_Record excerpts_
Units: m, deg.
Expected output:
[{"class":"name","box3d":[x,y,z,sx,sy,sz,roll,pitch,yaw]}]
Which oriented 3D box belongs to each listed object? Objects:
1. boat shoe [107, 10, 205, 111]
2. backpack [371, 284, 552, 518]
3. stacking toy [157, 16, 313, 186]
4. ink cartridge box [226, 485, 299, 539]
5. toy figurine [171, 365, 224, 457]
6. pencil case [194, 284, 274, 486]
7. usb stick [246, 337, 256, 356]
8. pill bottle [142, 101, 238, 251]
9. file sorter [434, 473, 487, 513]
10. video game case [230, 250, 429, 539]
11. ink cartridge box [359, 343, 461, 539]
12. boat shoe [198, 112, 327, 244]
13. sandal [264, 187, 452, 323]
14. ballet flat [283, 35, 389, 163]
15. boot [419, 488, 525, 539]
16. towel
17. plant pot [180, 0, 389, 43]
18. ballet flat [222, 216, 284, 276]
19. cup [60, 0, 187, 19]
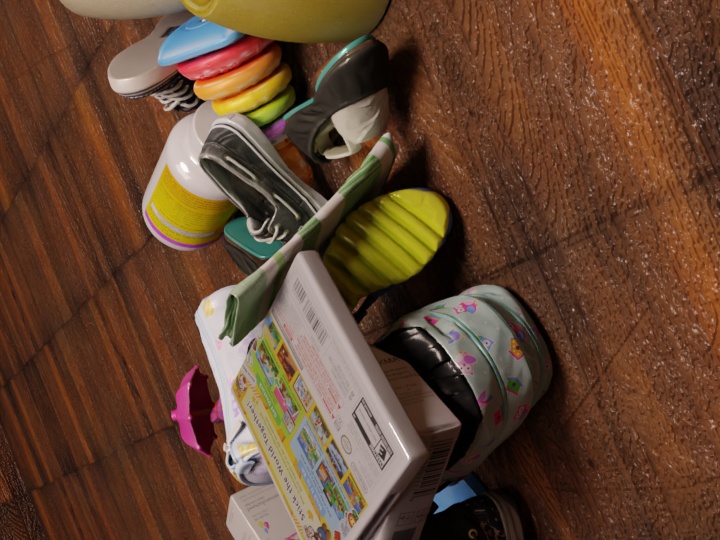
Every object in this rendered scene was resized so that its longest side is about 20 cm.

_Exercise objective_
Whenever a line above includes "boat", copy it in full.

_Solved exercise_
1. boat shoe [107, 10, 205, 111]
12. boat shoe [198, 112, 327, 244]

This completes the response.